RESULTS: 43 articles comprising of 1284 coalitions were included, with a pooled mean follow-up of 51 months. Methodological quality was fair. The overall pooled success rate for TCCs was 79% (95% CI, 75%-83%). Conservative treatment, open resection and arthroscopic resection of TCCs resulted in success rates of 58% (95% CI, 42%-73%), 80% (95% CI, 76%-84%) and 86% (95% CI, 71%-94%), respectively. CNCs have an overall success rate of 81% (95% CI, 75%-85%), with 100% (95% CI, 34%-100%), 80% (95% CI, 74%-85%) and 100% (95% CI, 65%-100%) for conservative treatment, open resection and arthroscopic resection, respectively. Pooled complication rates of 4% (95% CI, 3%-7%) for TCCs and 6% (95% CI, 4%-11%) for CNCs were found. The success rates of resection with and without interposition material for TCCs were 83% (95% CI, 78%-87%) and 79% (95% CI, 65%-88%), and for CNCs 81% (95% CI, 76%-86%) and 69% (95% CI, 44%-85%), respectively.
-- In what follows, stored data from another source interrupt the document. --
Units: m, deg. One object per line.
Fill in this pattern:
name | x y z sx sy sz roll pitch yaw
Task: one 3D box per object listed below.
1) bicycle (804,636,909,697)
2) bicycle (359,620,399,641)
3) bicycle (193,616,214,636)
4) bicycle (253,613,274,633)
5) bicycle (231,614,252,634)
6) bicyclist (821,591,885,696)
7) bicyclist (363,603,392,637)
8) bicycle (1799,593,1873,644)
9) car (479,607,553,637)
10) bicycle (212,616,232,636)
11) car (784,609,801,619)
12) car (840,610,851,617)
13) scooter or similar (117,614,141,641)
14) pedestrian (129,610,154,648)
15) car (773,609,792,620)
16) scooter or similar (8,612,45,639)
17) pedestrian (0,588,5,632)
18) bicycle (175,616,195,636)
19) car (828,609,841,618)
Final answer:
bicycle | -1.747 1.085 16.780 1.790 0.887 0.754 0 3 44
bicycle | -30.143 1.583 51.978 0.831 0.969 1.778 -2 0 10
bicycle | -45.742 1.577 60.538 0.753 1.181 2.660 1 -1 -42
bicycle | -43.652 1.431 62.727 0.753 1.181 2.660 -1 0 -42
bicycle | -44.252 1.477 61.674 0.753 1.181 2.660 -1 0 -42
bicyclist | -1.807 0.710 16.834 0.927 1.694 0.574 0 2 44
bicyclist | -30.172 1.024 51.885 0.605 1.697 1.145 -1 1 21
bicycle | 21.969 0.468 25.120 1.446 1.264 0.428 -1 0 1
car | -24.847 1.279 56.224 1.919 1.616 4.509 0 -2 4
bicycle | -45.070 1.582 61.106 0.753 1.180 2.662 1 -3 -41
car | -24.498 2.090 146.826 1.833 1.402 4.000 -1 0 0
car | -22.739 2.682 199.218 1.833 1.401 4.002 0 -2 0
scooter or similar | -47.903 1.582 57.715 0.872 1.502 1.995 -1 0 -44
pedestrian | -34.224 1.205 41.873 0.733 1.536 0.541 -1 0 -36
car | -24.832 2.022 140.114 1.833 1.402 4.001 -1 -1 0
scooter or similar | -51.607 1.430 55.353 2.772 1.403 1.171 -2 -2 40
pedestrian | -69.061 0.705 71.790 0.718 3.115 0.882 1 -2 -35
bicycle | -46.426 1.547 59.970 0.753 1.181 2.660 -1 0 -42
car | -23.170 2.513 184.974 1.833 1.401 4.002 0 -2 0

CONCLUSIONS: Treatment of tarsal coalitions can be considered good to excellent as well as safe, with an overall clinical success rate of 79% for TCCs and 81% for CNCs. Arthroscopic resection of the coalition appears to be non-inferior to open resection of TCCs and CNCs.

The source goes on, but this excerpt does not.